I watched the movie Morgan tonight. You know the story. Remote research lab where Big Corporation is creating weaponized AI in the form of a young girl. Wash, rinse, repeat. Nothing as interesting as Blade Runner or Ex Machina. But there’s a scene (don’t worry, it’s not possible to spoil a plot this well worn) where the scientists are supposed to “terminate the project” and it struck me that it might be harder (emotionally) to “kill” an AI than to create one.

This little movie also reminded me that to be less than — or more than — human, and know it, might be the worst thing ever. Roy Batty made us feel that pain in the final scene of Blade Runner but I got a pretty good jolt of it watching this film.

Who is the twirler?

The following is an excerpt from the Wikipedia entry for the film A Face in the Crowd, a 1957 film starring Andy Griffith, Patricia Neal and Walter Matthau, directed by Elia Kazan.

“Most of the film’s interiors were shot in New York at the Biograph Studios in the Bronx. The most involved location shoot was in Piggott, Arkansas (the fair and baton-twirling competition scenes). Five thousand extras were sought, to be fed and paid $1 hourly for a mid-August day’s work. Sixty baton twirlers were rounded up from NE Arkansas and SE Missouri, and musicians from six different high school bands were assembled. Remick reported spending two weeks in Piggott living with teen twirler Amanda Robinson and her family, working on her twirling and local accent. Some of her baton twirling scenes used a double. At the Piggott location shoot some 380 dogs were assembled from Missouri and Arkansas for the scene following Rhodes’ first mass-action call on his audience: to take their dogs to the home of a local sheriff who was running for higher office – Rhodes opining that people should first find out if a candidate is worthy of the office of ‘dog catcher’.”

I was nine years old in 1957 and not much interested the movies. But it sounds like the location shooting in Piggott was a pretty big deal. I struggled to identify the twirler and finally concluded it was Sandra Wirth, even though she isn’t listed in the cast on iMDB. Now I’m wondering if it might be Amanda Robinson.

UPDATE January 17, 2021: Thanks to John Carpenter for some much needed research on this photo.

“That photo, taken mid-August 1956 in Piggott, is indeed “Miss Florida 1955” and actress Sandra “Sandy” Wirth. She is also noted on the AFI page for “A Face In The Crowd.”

“Hollywood Reporter news items add the following actors to the cast: Sandra Wirth, Lloyd Bergen, Jay Sidney, Eva Vaughn, John McGovern, Kitty Dolan, Sandee Preston, Gus Thorner, Beverly Boatwright, Jane Baier and Gloria Mosolino.”

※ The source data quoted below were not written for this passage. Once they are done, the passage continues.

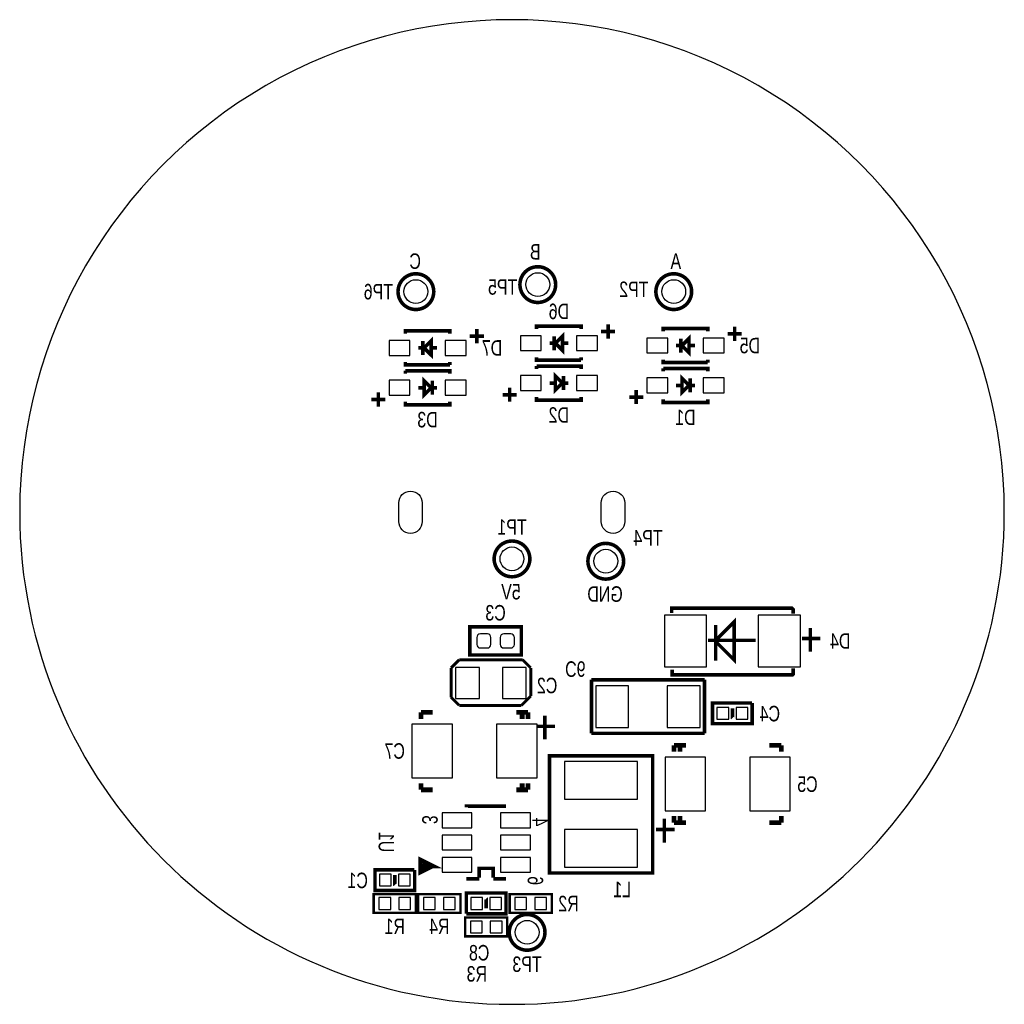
# Model space of a CAD drawing. Extents: x -176 to 21, y -89 to 21.
# Tile 2 of 2: x -21 to 21, y -21 to 21. Entities that reach past the tile are written whole.
import ezdxf
from ezdxf.enums import TextEntityAlignment as Align

# ---------------------------------------------------------------- set-up
doc = ezdxf.new("R2010")
doc.units = 0
for name, color, linetype in [('BG_OUTLINE', 6, 'CONTINUOUS'), ('PG_SILKSCREEN_BOTTOM', 7, 'CONTINUOUS'), ('PIN_BOTTOM', 3, 'CONTINUOUS'), ('RD_SILKSCREEN_BOTTOM', 254, 'CONTINUOUS')]:
    doc.layers.add(name, color=color, linetype=linetype)

msp = doc.modelspace()

# ---------------------------------------------------------------- linework, layer by layer
at = {"layer": 'BG_OUTLINE'}
msp.add_lwpolyline([(21, 0, 1), (-20.9999, -0.00008, 1)], format="xyb", close=True, dxfattribs=at)
at = {"layer": 'PG_SILKSCREEN_BOTTOM', "const_width": 0.1524}
for points in [[(1.862, 9.7, 1), (0.338, 9.7, 1), (1.862, 9.7)], [(-3.338, 9.4, 1), (-4.862, 9.4, 1), (-3.338, 9.4)], [(7.662, 9.4, 1), (6.138, 9.4, 1), (7.662, 9.4)], [(0.762, -2, 1), (-0.762, -2, 1), (0.762, -2)], [(4.762, -2.1, 1), (3.238, -2.1, 1), (4.762, -2.1)], [(1.4065, -17.9298, 1), (-0.1175, -17.9298, 1), (1.4065, -17.9298)]]:
    msp.add_lwpolyline(points, format="xyb", dxfattribs=at)
at = {"layer": 'PG_SILKSCREEN_BOTTOM'}
for points, const_width in [([(1.05, 7.7999), (1.05, 7.9249), (2.95, 7.9249), (2.95, 7.7999)], 0.1524), ([(4.1001, 8.0001), (4.1001, 7.3999)], 0.1524), ([(-4.55, 7.5999), (-4.55, 7.7249), (-2.65, 7.7249), (-2.65, 7.5999)], 0.1524), ([(-1.2, 7.5001), (-1.7999, 7.5001)], 0.1524), ([(-1.4999, 7.8001), (-1.4999, 7.1999)], 0.1524), ([(1.8001, 7.5), (1.8001, 6.9)], 0.1524), ([(1.8499, 7.2), (2.1501, 7.5), (2.1501, 6.9), (1.8499, 7.2)], 0.1524), ([(4.4, 7.7001), (3.8001, 7.7001)], 0.1524), ([(6.45, 7.6999), (6.45, 7.8249), (8.35, 7.8249), (8.35, 7.6999)], 0.1524), ([(7.2499, 7.1), (7.5501, 7.4), (7.5501, 6.8), (7.2499, 7.1)], 0.1524), ([(9.8, 7.6001), (9.2001, 7.6001)], 0.1524), ([(9.5001, 7.9001), (9.5001, 7.2999)], 0.1524), ([(-3.7999, 7.3), (-3.7999, 6.7)], 0.1524), ([(-3.7501, 7), (-3.4499, 7.3), (-3.4499, 6.7), (-3.7501, 7)], 0.1524), ([(1.8001, 7.2), (1.6, 7.2)], 0.1524), ([(2.4, 7.2), (2.1999, 7.2)], 0.1524), ([(7.2001, 7.1), (7, 7.1)], 0.1524), ([(7.2001, 7.4), (7.2001, 6.8)], 0.1524), ([(7.8, 7.1), (7.5999, 7.1)], 0.1524), ([(-3.7999, 7), (-4, 7)], 0.1524), ([(-3.2, 7), (-3.4001, 7)], 0.1524), ([(-2.65, 6.2751), (-4.55, 6.2751), (-4.55, 6.4001)], 0.1524), ([(-2.65, 6.4001), (-2.65, 6.2751)], 0.1524), ([(2.95, 6.4751), (1.05, 6.4751), (1.05, 6.6001)], 0.1524), ([(1.05, 6.0999), (1.05, 6.2249)], 0.1524), ([(1.05, 6.2249), (2.95, 6.2249), (2.95, 6.0999)], 0.1524), ([(2.95, 6.6001), (2.95, 6.4751)], 0.1524), ([(8.35, 6.3751), (6.45, 6.3751), (6.45, 6.5001)], 0.1524), ([(8.35, 6.5001), (8.35, 6.3751)], 0.1524), ([(-4.55, 5.8999), (-4.55, 6.0249)], 0.1524), ([(-4.55, 6.0249), (-2.65, 6.0249), (-2.65, 5.8999)], 0.1524), ([(2.1501, 5.5), (1.8499, 5.2), (1.8499, 5.8), (2.1501, 5.5)], 0.1524), ([(6.45, 5.9999), (6.45, 6.1249)], 0.1524), ([(6.45, 6.1249), (8.35, 6.1249), (8.35, 5.9999)], 0.1524), ([(7.5501, 5.4), (7.2499, 5.1), (7.2499, 5.7), (7.5501, 5.4)], 0.1524), ([(-3.4499, 5.3), (-3.7501, 5), (-3.7501, 5.6), (-3.4499, 5.3)], 0.1524), ([(-3.4001, 5), (-3.4001, 5.6)], 0.1524), ([(1.6, 5.5), (1.8001, 5.5)], 0.1524), ([(2.1999, 5.2), (2.1999, 5.8)], 0.1524), ([(2.1999, 5.5), (2.4, 5.5)], 0.1524), ([(7, 5.4), (7.2001, 5.4)], 0.1524), ([(7.5999, 5.1), (7.5999, 5.7)], 0.1524), ([(7.5999, 5.4), (7.8, 5.4)], 0.1524), ([(-5.7001, 4.4999), (-5.7001, 5.1001)], 0.1524), ([(-4, 5.3), (-3.7999, 5.3)], 0.1524), ([(-3.4001, 5.3), (-3.2, 5.3)], 0.1524), ([(-0.4, 4.9999), (0.1999, 4.9999)], 0.1524), ([(-0.1001, 4.6999), (-0.1001, 5.3001)], 0.1524), ([(5.2999, 4.5999), (5.2999, 5.2001)], 0.1524), ([(-6, 4.7999), (-5.4001, 4.7999)], 0.1524), ([(-2.65, 4.7001), (-2.65, 4.5751), (-4.55, 4.5751), (-4.55, 4.7001)], 0.1524), ([(2.95, 4.9001), (2.95, 4.7751), (1.05, 4.7751), (1.05, 4.9001)], 0.1524), ([(5, 4.8999), (5.5999, 4.8999)], 0.1524), ([(8.35, 4.8001), (8.35, 4.6751), (6.45, 4.6751), (6.45, 4.8001)], 0.1524), ([(11.9908, -4.3316), (11.9908, -4.1538), (11.94, -4.103), (6.8092, -4.103), (6.8092, -4.3062)], 0.1501), ([(9.4762, -4.6872), (9.4762, -6.3128), (8.6888, -5.5254), (8.6888, -5.4746), (9.4762, -4.6872)], 0.1501), ([(0.3, -4.9001), (-1.8001, -4.9001), (-1.8001, -6.0999), (0.4001, -6.0999), (0.4001, -4.9001), (0.3, -4.9001)], 0.1524), ([(8.6888, -4.8142), (8.6888, -6.3382)], 0.1501), ([(12.7274, -4.9412), (12.7274, -5.9572)], 0.1501), ([(8.3586, -5.4746), (10.3906, -5.4746)], 0.1501), ([(12.3718, -5.3984), (13.1592, -5.3984)], 0.1501), ([(-2.25, -6.3), (-2.6, -6.65)], 0.127), ([(0.3499, -6.3), (-2.25, -6.3)], 0.127), ([(0.45, -6.3), (0.1, -6.3)], 0.127), ([(0.8, -6.65), (0.45, -6.3)], 0.127), ([(-2.6, -6.65), (-2.6, -7.8999)], 0.127), ([(0.8, -7.8499), (0.8, -6.65)], 0.127), ([(11.9908, -6.6684), (11.9908, -6.9224), (11.9654, -6.9478), (6.8346, -6.9478), (6.8346, -6.7192)], 0.1501), ([(3.387, -9.443), (3.387, -7.157)], 0.1524), ([(3.387, -7.157), (8.213, -7.157)], 0.1524), ([(8.213, -7.157), (8.213, -9.443)], 0.1524), ([(0.8, -7.5499), (0.8, -7.8499)], 0.127), ([(-2.6, -7.8999), (-2.25, -8.25)], 0.127), ([(0.4, -8.25), (0.8, -7.8499)], 0.127), ([(-2.25, -8.25), (0.2501, -8.25)], 0.127), ([(0.2501, -8.25), (0.4, -8.25)], 0.127), ([(10.2405, -8.1464), (8.5557, -8.1464), (8.5557, -9.0295), (10.2474, -9.0295), (10.2474, -8.154)], 0.1524), ([(9.401, -8.3704), (9.401, -8.791), (9.4025, -8.7925)], 0.1524), ([(-3.378, -8.549), (-3.886, -8.549)], 0.2032), ([(-3.886, -8.549), (-3.886, -8.8284)], 0.2032), ([(0.686, -8.549), (0.178, -8.549)], 0.2032), ([(0.432, -8.549), (0.432, -8.8284)], 0.2032), ([(0.686, -8.8284), (0.686, -8.549)], 0.2032), ([(1.4, -8.684), (1.4, -9.7)], 0.1501), ([(1.0444, -9.1412), (1.8318, -9.1412)], 0.1501), ([(8.213, -9.443), (3.387, -9.443)], 0.1524), ([(6.914, -10.2284), (6.914, -9.949)], 0.2032), ([(6.914, -9.949), (7.422, -9.949)], 0.2032), ([(7.168, -9.949), (7.168, -10.2284)], 0.2032), ([(10.978, -9.949), (11.486, -9.949)], 0.2032), ([(11.486, -9.949), (11.486, -10.2284)], 0.2032), ([(5.9999, -10.3999), (1.6001, -10.3999), (1.6001, -15.4001), (5.9999, -15.4001), (5.9999, -10.3999), (5.6999, -10.3999)], 0.1524), ([(-3.886, -11.851), (-3.886, -11.5716)], 0.2032), ([(-3.378, -11.851), (-3.886, -11.851)], 0.2032), ([(0.686, -11.851), (0.178, -11.851)], 0.2032), ([(0.432, -11.851), (0.432, -11.5716)], 0.2032), ([(0.686, -11.5716), (0.686, -11.851)], 0.2032), ([(-1.9499, -12.5999), (-1.9499, -12.5501), (-0.2501, -12.5501)], 0.1524), ([(6.5, -13.084), (6.5, -14.1)], 0.1501), ([(6.914, -12.9716), (6.914, -13.251)], 0.2032), ([(7.168, -13.251), (7.168, -12.9716)], 0.2032), ([(11.486, -13.251), (11.486, -12.9716)], 0.2032), ([(6.914, -13.251), (7.422, -13.251)], 0.2032), ([(10.978, -13.251), (11.486, -13.251)], 0.2032), ([(6.1444, -13.5412), (6.9318, -13.5412)], 0.1501), ([(-3.4, -15.1), (-3.9001, -15.3499), (-3.9001, -14.8501), (-3.4, -15.1), (-3.8, -15.1)], 0.1999), ([(-4.159, -15.2634), (-5.8438, -15.2634), (-5.8438, -16.1465), (-4.1521, -16.1465), (-4.1521, -15.271)], 0.1524), ([(-4.9985, -15.4874), (-4.9985, -15.908), (-4.997, -15.9095)], 0.1524), ([(-0.8, -15.6001), (-0.8, -15.2001), (-1.4, -15.2001), (-1.4, -15.6001)], 0.1524), ([(-1.4, -15.6499), (-1.9499, -15.6499)], 0.1524), ([(-0.2501, -15.6499), (-0.8, -15.6499)], 0.1524), ([(-5.8999, -16.3), (-5.8999, -17.1), (-4.1001, -17.1), (-4.1001, -16.3), (-5.8999, -16.3)], 0.1016), ([(-3.9999, -16.3), (-3.9999, -17.1), (-2.2001, -17.1), (-2.2001, -16.3), (-3.9999, -16.3)], 0.1016), ([(-1.941, -17.1366), (-0.2562, -17.1366), (-0.2562, -16.2535), (-1.9479, -16.2535), (-1.9479, -17.129)], 0.1524), ([(1.6999, -17.1), (1.6999, -16.3), (-0.0999, -16.3), (-0.0999, -17.1), (1.6999, -17.1)], 0.1016), ([(-1.1015, -16.9126), (-1.1015, -16.492), (-1.103, -16.4905)], 0.1524), ([(-0.2001, -18.1), (-0.2001, -17.3), (-1.9999, -17.3), (-1.9999, -18.1), (-0.2001, -18.1)], 0.1016)]:
    msp.add_lwpolyline(points, dxfattribs=dict(at, const_width=const_width))
at = {"layer": 'PIN_BOTTOM'}
for points in [[(-4.3554, 6.6825), (-4.3554, 7.3175), (-5.2444, 7.3175), (-5.2444, 6.6825)], [(-1.9556, 6.6825), (-1.9556, 7.3175), (-2.8446, 7.3175), (-2.8446, 6.6825)], [(1.2446, 6.8825), (1.2446, 7.5175), (0.3556, 7.5175), (0.3556, 6.8825)], [(3.6444, 6.8825), (3.6444, 7.5175), (2.7554, 7.5175), (2.7554, 6.8825)], [(6.6446, 6.7825), (6.6446, 7.4175), (5.7556, 7.4175), (5.7556, 6.7825)], [(9.0444, 6.7825), (9.0444, 7.4175), (8.1554, 7.4175), (8.1554, 6.7825)], [(-5.2444, 5.6175), (-5.2444, 4.9825), (-4.3554, 4.9825), (-4.3554, 5.6175)], [(-2.8446, 5.6175), (-2.8446, 4.9825), (-1.9556, 4.9825), (-1.9556, 5.6175)], [(0.3556, 5.8175), (0.3556, 5.1825), (1.2446, 5.1825), (1.2446, 5.8175)], [(2.7554, 5.8175), (2.7554, 5.1825), (3.6444, 5.1825), (3.6444, 5.8175)], [(5.7556, 5.7175), (5.7556, 5.0825), (6.6446, 5.0825), (6.6446, 5.7175)], [(8.1554, 5.7175), (8.1554, 5.0825), (9.0444, 5.0825), (9.0444, 5.7175)], [(6.49995, -6.59995), (8.30005, -6.59995), (8.30005, -4.40005), (6.49995, -4.40005)], [(10.49995, -6.59995), (12.30005, -6.59995), (12.30005, -4.40005), (10.49995, -4.40005)], [(-1.392, -7.9604), (-1.392, -6.6396), (-2.408, -6.6396), (-2.408, -7.9604)], [(0.608, -7.9604), (0.608, -6.6396), (-0.408, -6.6396), (-0.408, -7.9604)], [(3.5775, -9.189), (4.9745, -9.189), (4.9745, -7.411), (3.5775, -7.411)], [(6.6255, -9.189), (8.0225, -9.189), (8.0225, -7.411), (6.6255, -7.411)], [(9.2432, -8.8331), (9.2432, -8.333), (8.7431, -8.333), (8.7431, -8.8331)], [(10.056, -8.8331), (10.056, -8.333), (9.5559, -8.333), (9.5559, -8.8331)], [(-2.5398, -11.343), (-2.5398, -9.057), (-4.267, -9.057), (-4.267, -11.343)], [(1.067, -11.343), (1.067, -9.057), (-0.6602, -9.057), (-0.6602, -11.343)], [(6.533, -10.457), (6.533, -12.743), (8.2602, -12.743), (8.2602, -10.457)], [(10.1398, -10.457), (10.1398, -12.743), (11.867, -12.743), (11.867, -10.457)], [(5.3558, -12.25), (5.3558, -10.6498), (2.2443, -10.6498), (2.2443, -12.25)], [(-2.9849, -13.4675), (-1.7149, -13.4675), (-1.7149, -12.8325), (-2.9849, -12.8325)], [(-0.4851, -13.4675), (0.7849, -13.4675), (0.7849, -12.8325), (-0.4851, -12.8325)], [(-2.9849, -14.4175), (-1.7149, -14.4175), (-1.7149, -13.7825), (-2.9849, -13.7825)], [(-0.4851, -14.4175), (0.7849, -14.4175), (0.7849, -13.7825), (-0.4851, -13.7825)], [(5.3558, -15.1502), (5.3558, -13.55), (2.2443, -13.55), (2.2443, -15.1502)], [(-2.9849, -15.3675), (-1.7149, -15.3675), (-1.7149, -14.7325), (-2.9849, -14.7325)], [(-0.4851, -15.3675), (0.7849, -15.3675), (0.7849, -14.7325), (-0.4851, -14.7325)], [(-5.1563, -15.9501), (-5.1563, -15.45), (-5.6564, -15.45), (-5.6564, -15.9501)], [(-4.3435, -15.9501), (-4.3435, -15.45), (-4.8436, -15.45), (-4.8436, -15.9501)], [(-5.6751, -16.4498), (-5.6751, -16.9502), (-5.1747, -16.9502), (-5.1747, -16.4498)], [(-4.8253, -16.4498), (-4.8253, -16.9502), (-4.3249, -16.9502), (-4.3249, -16.4498)], [(-3.7751, -16.4498), (-3.7751, -16.9502), (-3.2747, -16.9502), (-3.2747, -16.4498)], [(-2.9253, -16.4498), (-2.9253, -16.9502), (-2.4249, -16.9502), (-2.4249, -16.4498)], [(-1.75645, -16.44995), (-1.75645, -16.95005), (-1.25635, -16.95005), (-1.25635, -16.44995)], [(-0.94365, -16.44995), (-0.94365, -16.95005), (-0.44355, -16.95005), (-0.44355, -16.44995)], [(0.6253, -16.9502), (0.6253, -16.4498), (0.1249, -16.4498), (0.1249, -16.9502)], [(1.4751, -16.9502), (1.4751, -16.4498), (0.9747, -16.4498), (0.9747, -16.9502)], [(-1.2747, -17.9502), (-1.2747, -17.4498), (-1.7751, -17.4498), (-1.7751, -17.9502)], [(-0.4249, -17.9502), (-0.4249, -17.4498), (-0.9253, -17.4498), (-0.9253, -17.9502)]]:
    msp.add_lwpolyline(points, close=True, dxfattribs=at)
for points in [[(-3.8301, 0.38985), (-3.8301, -0.41025, -1), (-4.8301, -0.41025), (-4.8301, 0.38985, -1)], [(4.8101, 0.38985), (4.8101, -0.41025, -1), (3.8101, -0.41025), (3.8101, 0.38985, -1)], [(-1.05, -5.8, 0.414058), (-0.8999, -5.6499), (-0.8999, -5.3501, 0.414058), (-1.05, -5.2), (-1.3498, -5.2, 0.414058), (-1.4999, -5.3501), (-1.4999, -5.6499, 0.414058), (-1.3498, -5.8)], [(-0.0502, -5.8, 0.414058), (0.0999, -5.6499), (0.0999, -5.3501, 0.414058), (-0.0502, -5.2), (-0.35, -5.2, 0.414058), (-0.5001, -5.3501), (-0.5001, -5.6499, 0.414058), (-0.35, -5.8)]]:
    msp.add_lwpolyline(points, format="xyb", close=True, dxfattribs=at)
for centre in [(1.1, 9.7), (-4.1, 9.4), (6.9, 9.4), (0, -2), (4, -2.1), (0.6445, -17.9298)]:
    msp.add_circle(centre, 0.508, dxfattribs=at)

# ---------------------------------------------------------------- texts
at = {"layer": 'PG_SILKSCREEN_BOTTOM', "text_generation_flag": 2, "width": 0.769231}
for s, p in [('B', (1.2159, 10.7698)), ('C', (-3.8841, 10.3698)), ('A', (7.2159, 10.3698)), ('5V', (0.3699, -3.7302)), ('GND', (4.7239, -3.8302))]:
    msp.add_text(s, height=0.6604, dxfattribs=at).set_placement(p)
for s, p in [('3', (-3.8302, -13.3159)), ('4', (0.8698, -13.4159)), ('6', (0.6698, -15.9159))]:
    msp.add_text(s, height=0.6604, rotation=270, dxfattribs=at).set_placement(p)
at = {"layer": 'RD_SILKSCREEN_BOTTOM', "text_generation_flag": 2, "width": 0.769231}
for s, p in [('TP6', (-5.7, 9.0698)), ('TP5', (-0.4, 9.2698)), ('TP2', (5.2, 9.1698)), ('D6', (2.0011, 8.2292)), ('D7', (-0.8539, 6.6698)), ('D5', (10.1461, 6.7698)), ('D3', (-3.6032, 3.6104)), ('D2', (1.9968, 3.8104)), ('D1', (7.3968, 3.7104)), ('TP1', (0.0011, -0.9713)), ('TP4', (5.8, -1.4302)), ('C3', (-0.7014, -4.6283)), ('D4', (14, -5.8302)), ('C2', (1.5, -7.7302)), ('C4', (11, -8.9302)), ('C7', (-5.0036, -10.5248)), ('C5', (12.6036, -11.941)), ('C1', (-6.5819, -16.0447)), ('L1', (4.7, -16.4302)), ('R2', (2.4111, -17.0302)), ('R1', (-5.0023, -18.0017)), ('R4', (-3.1023, -18.0017)), ('C8', (-1.4, -19.1302)), ('TP3', (0.6413, -19.6189)), ('R3', (-1.5, -20.0302))]:
    msp.add_text(s, height=0.6604, dxfattribs=at).set_placement(p, align=Align.CENTER)
for s, rotation, p in [('C6', 180, (2.7, -6.3698)), ('U1', 270, (-5.6894, -14.0789))]:
    msp.add_text(s, height=0.6604, rotation=rotation, dxfattribs=at).set_placement(p, align=Align.CENTER)

doc.saveas('drawing.dxf')

“I also looked up Amanda Robinson. There’s a brief article (New York Daily News – Thursday, September 20, 1956) on her and the two other local girls who made it into the film, and were even flown to New York to film a few scenes. All of them (despite the fuzzy photo) are brunettes:”

Here for a Twirl in the Movies. Three baton-carrying, 16-year-old Southern belles arriving at LaGuardia Field yesterday are (I. to r.), Suzanne Ballard, Amanda Robinson and Bunny McCollum. The gals, all from Piggott, Ark., will be in town for two weeks during the filming of new movie. They will play the parts of drum majorettes in the picture.

Sheryl Crow previews new album

“Singer-songwriter Sheryl Crow previewed several songs from her forthcoming album “Be Myself” at a small-scale show Thursday at the Troubadour in West Hollywood. […] Concertgoers were required to check phones at the door or leave them in their cars so the evening might proceed without the now typical sea of cellphone screens hoisted in the air.”

Now that takes some moxie. Getting an LA audience to put down their mobile phones.

“(Crow) holds an increasingly rare spot in pop music: a female rocker who writes and sings, who is utterly comfortable navigating what remains predominantly a boys’ club, while staying devoted to voicing a woman’s perspective on life, love, politics and even social media. Her new album (“Be Myself”) will be released on April 21. Lady looks damned good at 55 (or any age)” [LA Times]

Our guest today…

I remember the first recorded interview I did (1972). It was with Bill Walsh and Jack McDaniel, two local businessmen who organized the Fall Festival Parade every year in the little town where we lived. When I got back to the studio and dubbed the audio from a cassette to reel-to-reel tape, I was horrified to hear how awful I sounded. Long, rambling questions. It still makes me cringe.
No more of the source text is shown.